PROVIDED INFORMATION -
%%

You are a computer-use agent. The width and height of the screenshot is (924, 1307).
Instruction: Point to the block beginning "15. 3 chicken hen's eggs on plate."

%%
%%

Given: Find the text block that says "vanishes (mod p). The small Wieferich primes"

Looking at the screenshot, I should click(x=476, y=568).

%%
%%

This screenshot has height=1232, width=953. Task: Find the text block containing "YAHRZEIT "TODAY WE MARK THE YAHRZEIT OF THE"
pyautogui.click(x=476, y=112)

%%

EXERCISE DESCRIPTION -
Output, from the data above, the lines from the line with "You are a computer-use" to the line with "Instruction: Point to" exactly as they stand, both ends included and nothing else.

TASK ANSWER -
You are a computer-use agent. The width and height of the screenshot is (924, 1307).
Instruction: Point to the block beginning "15. 3 chicken hen's eggs on plate."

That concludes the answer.